### [What you will do]
Please set down every line of the records below exactly, without the pictures.

── Excerpted data ──

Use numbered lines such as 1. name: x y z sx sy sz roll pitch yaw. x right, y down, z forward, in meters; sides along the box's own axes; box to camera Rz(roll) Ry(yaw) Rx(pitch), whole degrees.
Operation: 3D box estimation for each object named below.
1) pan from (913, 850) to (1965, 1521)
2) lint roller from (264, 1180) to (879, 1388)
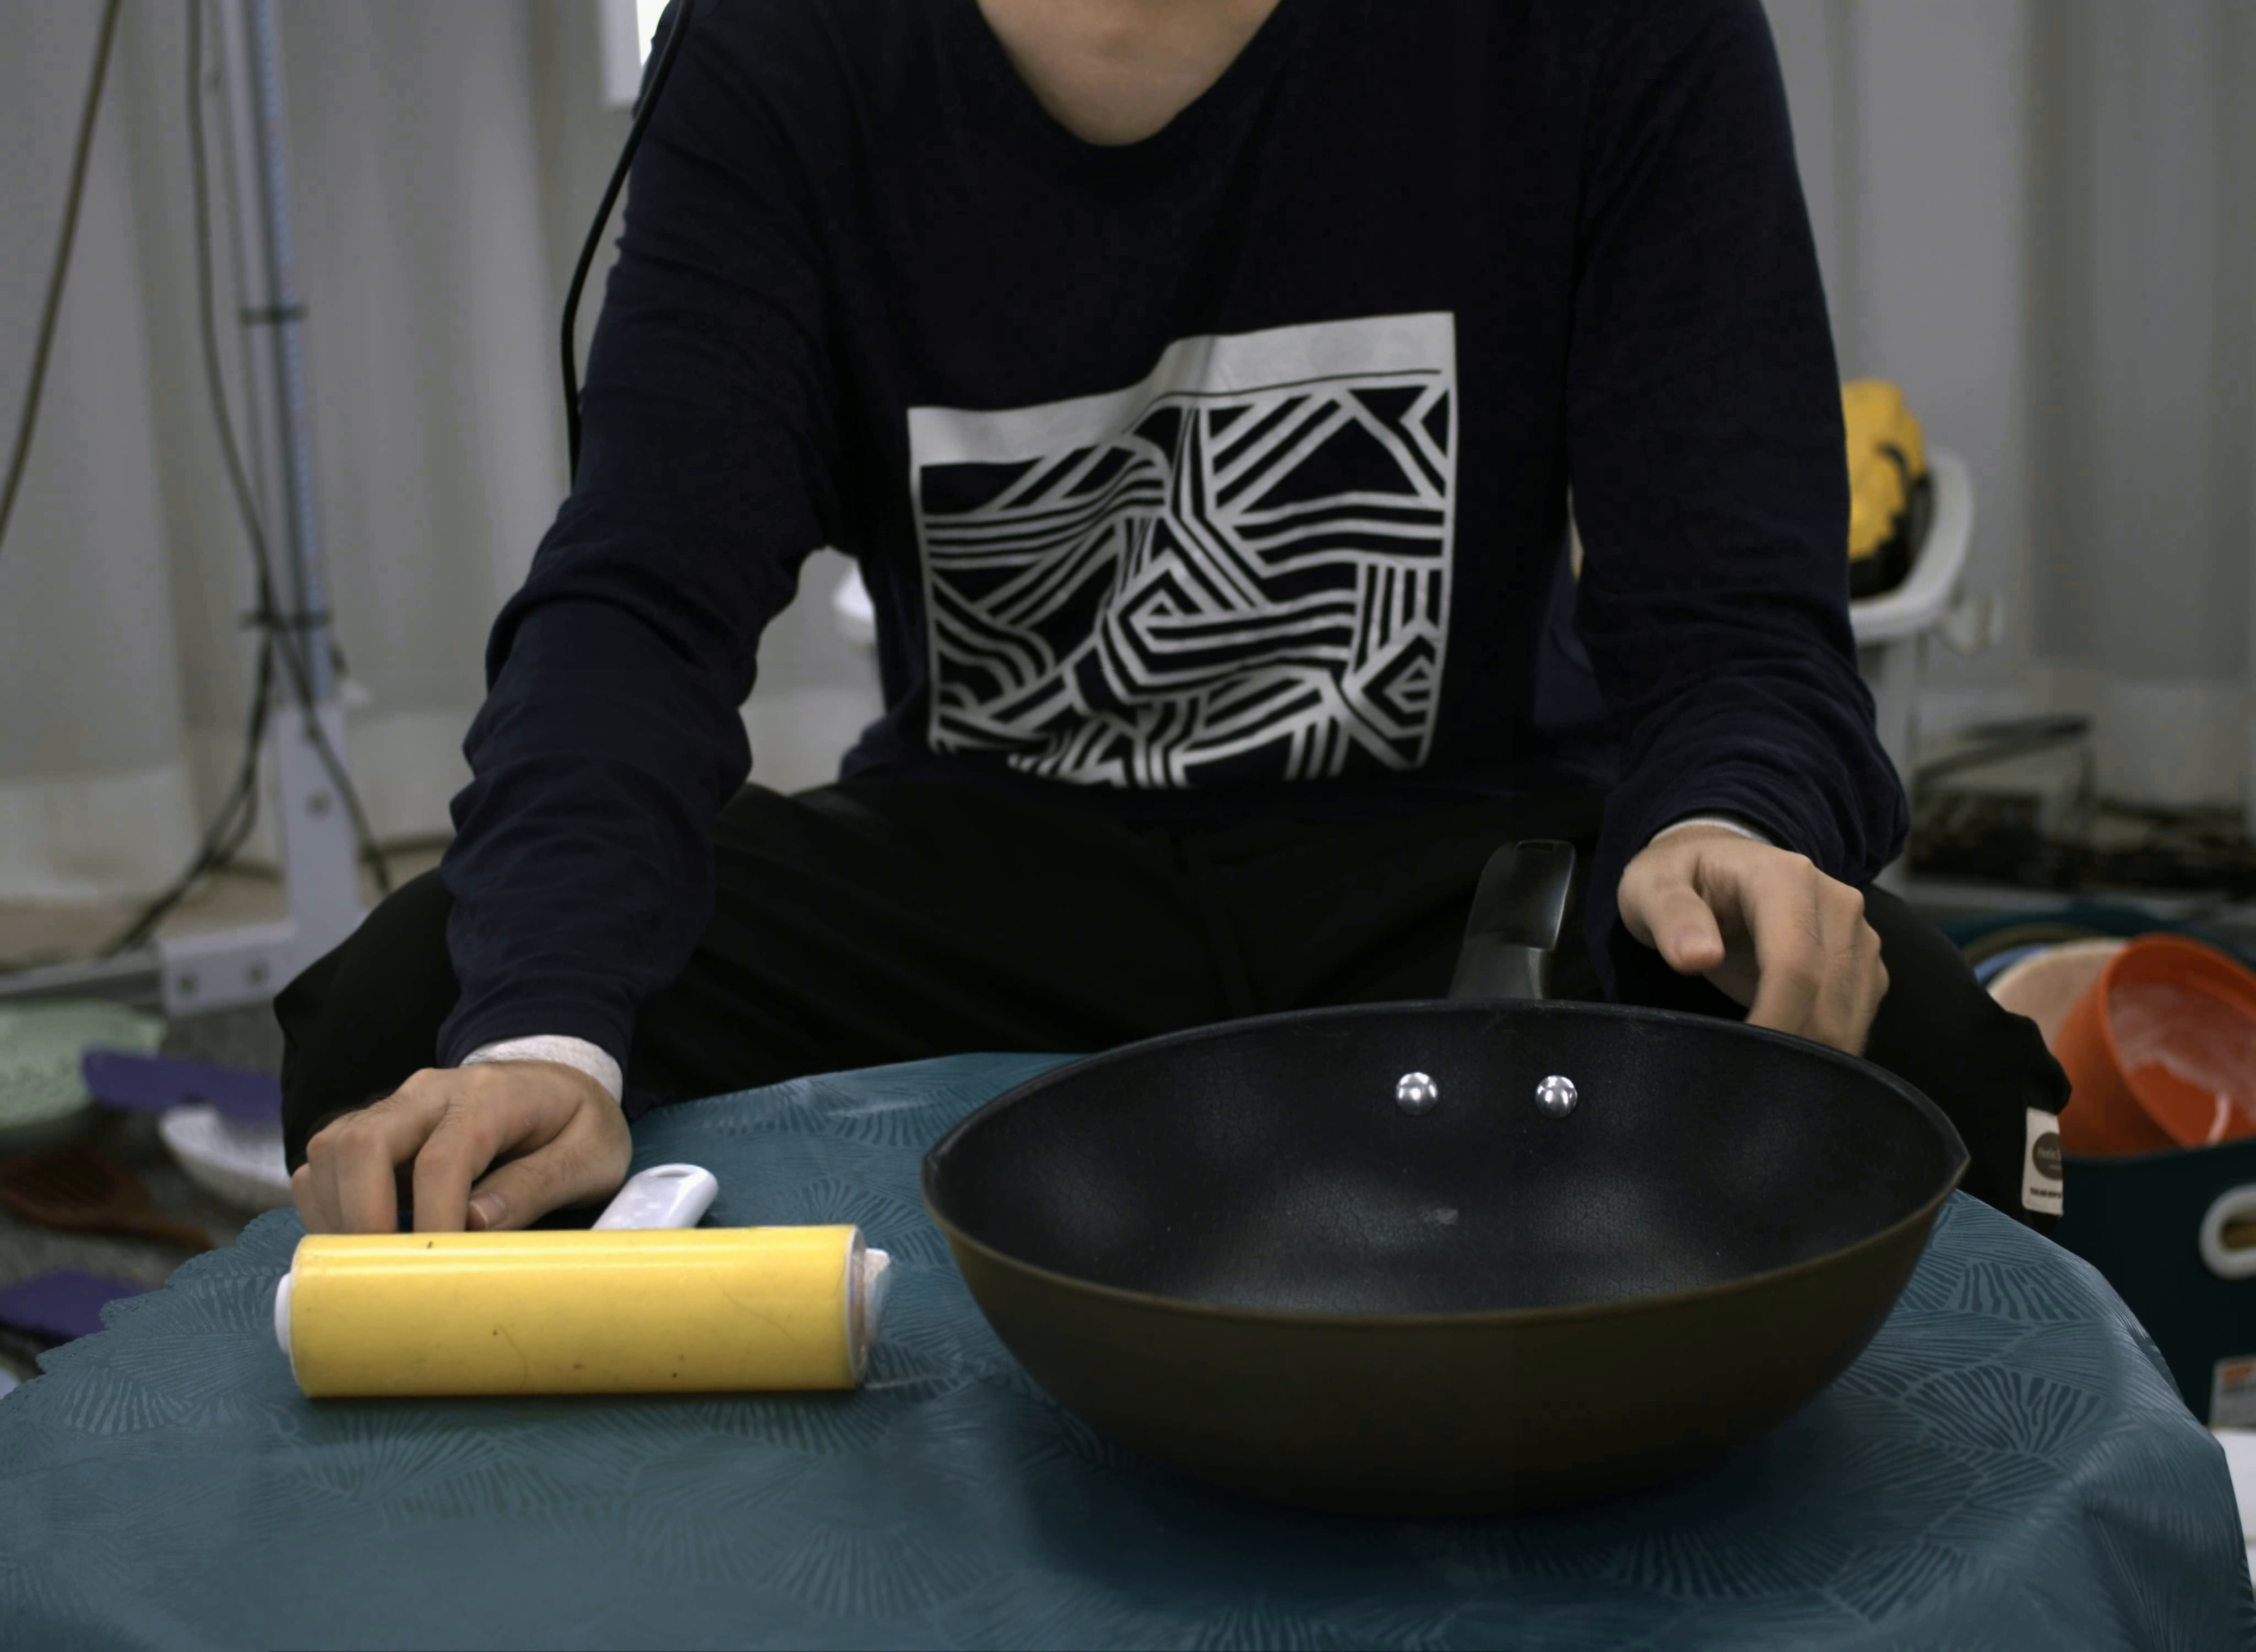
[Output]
1. pan: 0.098 0.102 1.589 0.287 0.086 0.466 0 15 9
2. lint roller: -0.154 0.121 1.633 0.174 0.051 0.193 -1 15 5

───

### [Task solution]
Use numbered lines such as 1. name: x y z sx sy sz roll pitch yaw. x right, y down, z forward, in meters; sides along the box's own axes; box to camera Rz(roll) Ry(yaw) Rx(pitch), whole degrees.
Operation: 3D box estimation for each object named below.
1) pan from (913, 850) to (1965, 1521)
2) lint roller from (264, 1180) to (879, 1388)
[Output]
1. pan: 0.098 0.102 1.589 0.287 0.086 0.466 0 15 9
2. lint roller: -0.154 0.121 1.633 0.174 0.051 0.193 -1 15 5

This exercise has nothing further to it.